What is needed — When the line with "3. chair <box>0,0,639,407</box>" turns up below, begin repeating exactly, and carry on through the line with "6. rice cooker"; no pictures go into the copy.

Collection entries

--------------------

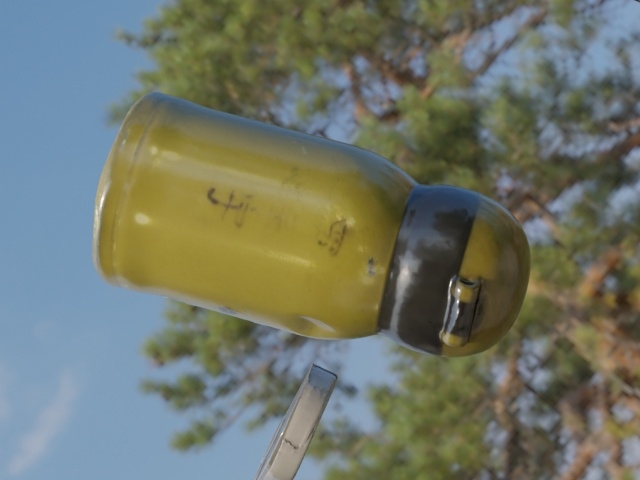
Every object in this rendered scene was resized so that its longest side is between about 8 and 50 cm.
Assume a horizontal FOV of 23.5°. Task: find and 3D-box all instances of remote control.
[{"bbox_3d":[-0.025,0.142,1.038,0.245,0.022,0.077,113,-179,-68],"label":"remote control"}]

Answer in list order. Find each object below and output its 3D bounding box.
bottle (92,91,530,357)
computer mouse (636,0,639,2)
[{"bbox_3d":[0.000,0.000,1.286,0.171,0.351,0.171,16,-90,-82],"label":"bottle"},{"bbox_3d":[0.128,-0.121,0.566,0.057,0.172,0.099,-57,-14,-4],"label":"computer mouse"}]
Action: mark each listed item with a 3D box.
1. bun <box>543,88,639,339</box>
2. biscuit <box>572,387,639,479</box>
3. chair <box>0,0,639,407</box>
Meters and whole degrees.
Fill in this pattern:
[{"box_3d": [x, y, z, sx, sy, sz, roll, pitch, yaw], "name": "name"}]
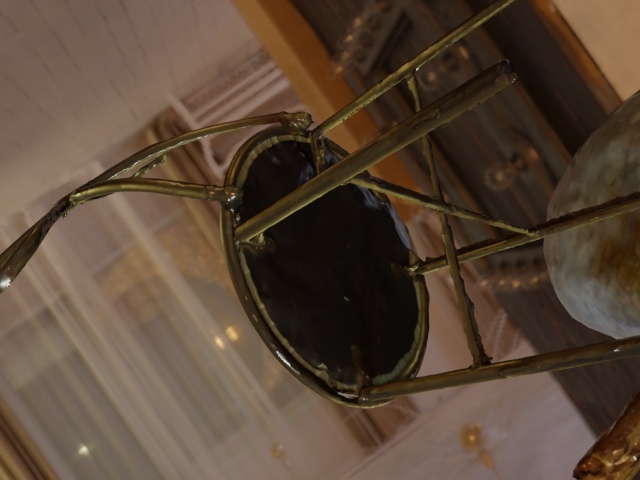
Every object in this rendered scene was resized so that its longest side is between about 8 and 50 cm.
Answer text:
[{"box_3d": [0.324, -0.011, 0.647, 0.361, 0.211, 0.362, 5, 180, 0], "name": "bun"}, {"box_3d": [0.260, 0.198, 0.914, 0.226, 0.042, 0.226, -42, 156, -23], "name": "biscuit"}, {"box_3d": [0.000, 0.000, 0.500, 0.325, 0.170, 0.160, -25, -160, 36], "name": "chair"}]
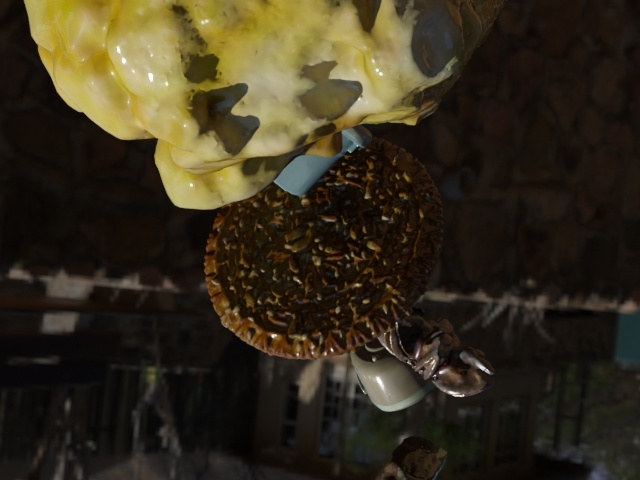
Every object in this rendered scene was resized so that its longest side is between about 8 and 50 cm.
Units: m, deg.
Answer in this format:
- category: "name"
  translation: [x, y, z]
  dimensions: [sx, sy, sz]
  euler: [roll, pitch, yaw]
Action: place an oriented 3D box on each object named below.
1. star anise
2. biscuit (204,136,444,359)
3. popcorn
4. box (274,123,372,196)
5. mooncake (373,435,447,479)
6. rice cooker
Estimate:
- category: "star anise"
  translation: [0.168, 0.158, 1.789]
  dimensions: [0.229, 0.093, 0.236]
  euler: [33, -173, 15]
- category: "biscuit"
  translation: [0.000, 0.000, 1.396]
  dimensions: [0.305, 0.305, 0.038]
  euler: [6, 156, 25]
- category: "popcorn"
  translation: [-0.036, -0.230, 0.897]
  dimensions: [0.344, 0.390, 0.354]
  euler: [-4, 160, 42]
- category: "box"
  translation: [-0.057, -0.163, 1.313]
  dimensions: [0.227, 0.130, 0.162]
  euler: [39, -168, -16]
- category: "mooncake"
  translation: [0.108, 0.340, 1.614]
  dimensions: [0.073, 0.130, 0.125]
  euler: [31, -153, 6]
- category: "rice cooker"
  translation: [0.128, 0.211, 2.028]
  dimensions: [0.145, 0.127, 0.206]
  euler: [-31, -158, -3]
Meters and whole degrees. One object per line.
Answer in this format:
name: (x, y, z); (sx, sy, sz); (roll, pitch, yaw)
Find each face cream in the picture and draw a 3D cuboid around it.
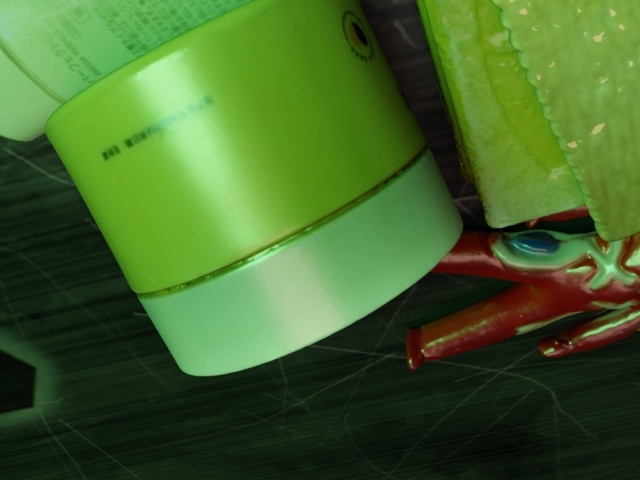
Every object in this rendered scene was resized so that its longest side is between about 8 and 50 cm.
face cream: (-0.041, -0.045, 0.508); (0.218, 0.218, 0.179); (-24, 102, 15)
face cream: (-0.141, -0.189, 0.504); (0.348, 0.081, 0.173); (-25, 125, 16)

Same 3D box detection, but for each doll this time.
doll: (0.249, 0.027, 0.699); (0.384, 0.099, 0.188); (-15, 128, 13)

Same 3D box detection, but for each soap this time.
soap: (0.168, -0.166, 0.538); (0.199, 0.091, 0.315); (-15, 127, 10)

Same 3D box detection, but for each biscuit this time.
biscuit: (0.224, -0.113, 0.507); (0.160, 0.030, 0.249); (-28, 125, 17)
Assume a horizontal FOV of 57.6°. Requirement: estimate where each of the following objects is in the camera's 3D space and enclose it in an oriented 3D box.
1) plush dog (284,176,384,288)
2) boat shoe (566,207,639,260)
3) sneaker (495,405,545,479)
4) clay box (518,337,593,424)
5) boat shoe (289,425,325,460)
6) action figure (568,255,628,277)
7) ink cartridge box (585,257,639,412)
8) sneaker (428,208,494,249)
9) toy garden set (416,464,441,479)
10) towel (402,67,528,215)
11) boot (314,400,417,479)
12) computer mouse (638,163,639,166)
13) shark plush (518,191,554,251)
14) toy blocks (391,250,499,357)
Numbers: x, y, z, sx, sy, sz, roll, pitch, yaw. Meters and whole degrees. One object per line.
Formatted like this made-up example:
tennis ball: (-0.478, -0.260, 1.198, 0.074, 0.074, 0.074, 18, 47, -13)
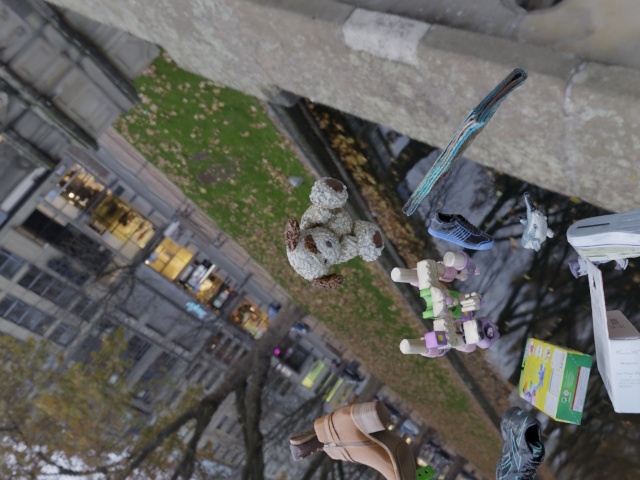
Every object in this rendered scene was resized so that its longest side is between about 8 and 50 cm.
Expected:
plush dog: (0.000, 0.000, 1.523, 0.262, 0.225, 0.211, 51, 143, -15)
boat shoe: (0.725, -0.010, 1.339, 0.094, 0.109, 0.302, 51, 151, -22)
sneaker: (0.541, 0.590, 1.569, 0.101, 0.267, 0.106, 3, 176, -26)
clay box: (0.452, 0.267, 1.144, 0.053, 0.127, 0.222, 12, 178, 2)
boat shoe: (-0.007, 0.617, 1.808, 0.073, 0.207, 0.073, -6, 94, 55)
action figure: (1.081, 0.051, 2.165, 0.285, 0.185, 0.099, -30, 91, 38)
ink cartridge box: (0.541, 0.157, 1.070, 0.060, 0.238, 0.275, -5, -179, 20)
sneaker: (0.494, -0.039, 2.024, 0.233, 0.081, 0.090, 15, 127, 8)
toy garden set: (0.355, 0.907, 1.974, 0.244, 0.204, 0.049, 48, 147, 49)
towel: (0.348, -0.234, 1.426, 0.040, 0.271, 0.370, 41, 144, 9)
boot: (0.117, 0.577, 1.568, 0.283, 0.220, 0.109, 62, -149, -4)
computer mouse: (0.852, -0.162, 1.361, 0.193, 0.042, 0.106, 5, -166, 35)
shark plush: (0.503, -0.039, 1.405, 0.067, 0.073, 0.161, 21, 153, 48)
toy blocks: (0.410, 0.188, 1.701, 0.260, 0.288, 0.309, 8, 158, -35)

--------------------

Your solution —
3. chair <box>0,0,639,407</box>
Meters and whole degrees.
Fill in this pattern:
[{"box_3d": [x, y, z, sx, sy, sz, roll, pitch, yaw], "name": "name"}]
Every object in this rendered scene was resized so that its longest side is between about 8 and 50 cm.
Answer text:
[{"box_3d": [0.324, -0.011, 0.647, 0.361, 0.211, 0.362, 5, 180, 0], "name": "bun"}, {"box_3d": [0.260, 0.198, 0.914, 0.226, 0.042, 0.226, -42, 156, -23], "name": "biscuit"}, {"box_3d": [0.000, 0.000, 0.500, 0.325, 0.170, 0.160, -25, -160, 36], "name": "chair"}]
Every object in this rendered scene was resized so that its longest side is between about 8 and 50 cm.
Units: m, deg.
Answer in this format:
- category: "name"
  translation: [x, y, z]
  dimensions: [sx, sy, sz]
  euler: [roll, pitch, yaw]
Action: place an oriented 3D box on each object named below.
1. star anise
2. biscuit (204,136,444,359)
3. popcorn
4. box (274,123,372,196)
5. mooncake (373,435,447,479)
6. rice cooker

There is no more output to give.